Entries taken from a collection —
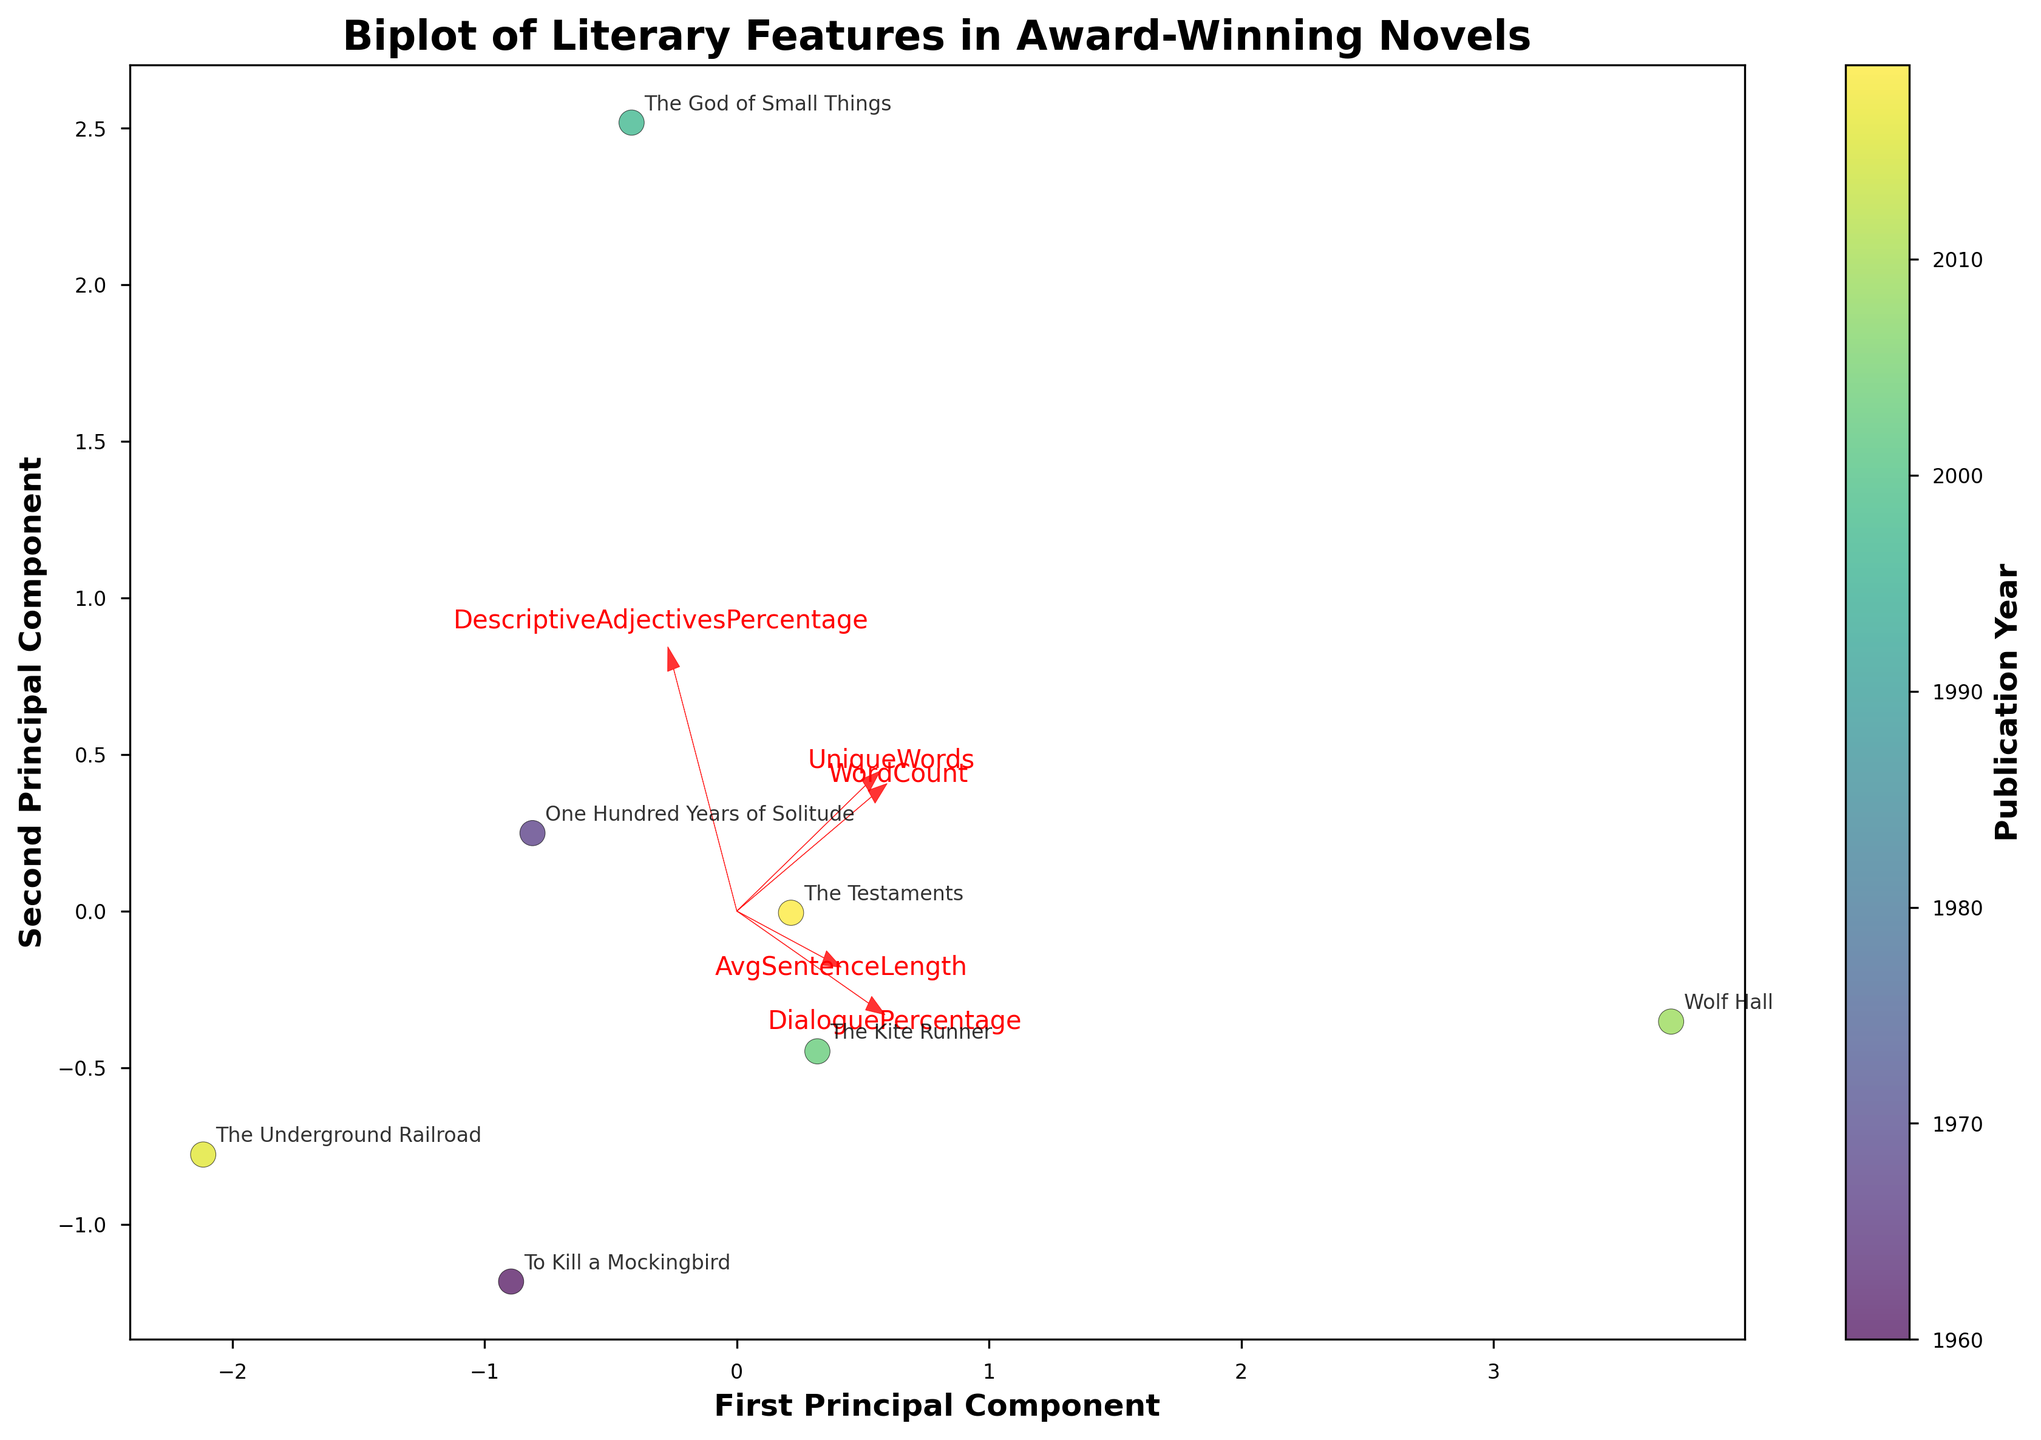What is the title of the biplot? The title of the biplot is displayed at the top of the figure. It specifically names the depiction regarding literary features in award-winning novels.
Answer: Biplot of Literary Features in Award-Winning Novels Which axis represents the first principal component? The biplot's axes are labeled to indicate which principal components they represent. The x-axis is labeled "First Principal Component".
Answer: x-axis How many data points are plotted in the biplot? Each data point corresponds to a novel in the dataset. By counting the number of distinct points or annotated titles, we can determine the total number.
Answer: 7 What feature had the highest loading on the second principal component? In a biplot, feature vectors show the direction and magnitude of each feature in principal component space. By looking at the vector with the longest projection on the y-axis (second principal component), we find the highest loading feature.
Answer: DescriptiveAdjectivesPercentage Which novel has the highest DialoguePercentage and where is it positioned relative to the principal components? We need to identify the novel with the highest DialoguePercentage from the given data and locate its position on the biplot. The Kite Runner has the highest DialoguePercentage (25.3%). On the biplot, it is positioned according to the PCA transformation and appears in the particular quadrant or section.
Answer: The Kite Runner, upper region Do more recent novels tend to cluster together? We observe the color gradient representing the publication year and look for clustering of similarly colored points in the biplot. If recent novels (darker colors) are close together, we answer affirmatively.
Answer: Yes Is there a clear separation between the novels of different decades? By examining the color distribution and spatial separation of data points on the biplot, we can observe whether distinct clusters form according to publication decade.
Answer: Some separation Which feature has the smallest impact on the first principal component? The arrows represent the contribution of each feature. We need to find the arrow that is the shortest along the x-axis (first principal component) to determine the feature with the smallest impact.
Answer: DescriptiveAdjectivesPercentage How does "One Hundred Years of Solitude" compare to "The God of Small Things" in terms of the first and second principal components? We locate the positions of both novels on the biplot and compare their coordinates on the x (first principal component) and y (second principal component) axes directly.
Answer: One Hundred Years of Solitude has higher values on both components What relationship exists between unique words and principal component projections? By examining the direction and magnitude of the UniqueWords vector and its alignment with principal components, we can infer how unique words influence the projections. The UniqueWords vector's direction shows it aligns more with the first principal component, indicating a stronger correlation with that axis.
Answer: Correlated with the first principal component 
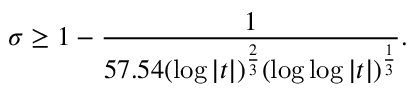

Exercise directions —
Write the lines above out again exactly, excluding every picture.

Result of the task —
What is the title of the biplot? The title of the biplot is displayed at the top of the figure. It specifically names the depiction regarding literary features in award-winning novels.
Answer: Biplot of Literary Features in Award-Winning Novels Which axis represents the first principal component? The biplot's axes are labeled to indicate which principal components they represent. The x-axis is labeled "First Principal Component".
Answer: x-axis How many data points are plotted in the biplot? Each data point corresponds to a novel in the dataset. By counting the number of distinct points or annotated titles, we can determine the total number.
Answer: 7 What feature had the highest loading on the second principal component? In a biplot, feature vectors show the direction and magnitude of each feature in principal component space. By looking at the vector with the longest projection on the y-axis (second principal component), we find the highest loading feature.
Answer: DescriptiveAdjectivesPercentage Which novel has the highest DialoguePercentage and where is it positioned relative to the principal components? We need to identify the novel with the highest DialoguePercentage from the given data and locate its position on the biplot. The Kite Runner has the highest DialoguePercentage (25.3%). On the biplot, it is positioned according to the PCA transformation and appears in the particular quadrant or section.
Answer: The Kite Runner, upper region Do more recent novels tend to cluster together? We observe the color gradient representing the publication year and look for clustering of similarly colored points in the biplot. If recent novels (darker colors) are close together, we answer affirmatively.
Answer: Yes Is there a clear separation between the novels of different decades? By examining the color distribution and spatial separation of data points on the biplot, we can observe whether distinct clusters form according to publication decade.
Answer: Some separation Which feature has the smallest impact on the first principal component? The arrows represent the contribution of each feature. We need to find the arrow that is the shortest along the x-axis (first principal component) to determine the feature with the smallest impact.
Answer: DescriptiveAdjectivesPercentage How does "One Hundred Years of Solitude" compare to "The God of Small Things" in terms of the first and second principal components? We locate the positions of both novels on the biplot and compare their coordinates on the x (first principal component) and y (second principal component) axes directly.
Answer: One Hundred Years of Solitude has higher values on both components What relationship exists between unique words and principal component projections? By examining the direction and magnitude of the UniqueWords vector and its alignment with principal components, we can infer how unique words influence the projections. The UniqueWords vector's direction shows it aligns more with the first principal component, indicating a stronger correlation with that axis.
Answer: Correlated with the first principal component 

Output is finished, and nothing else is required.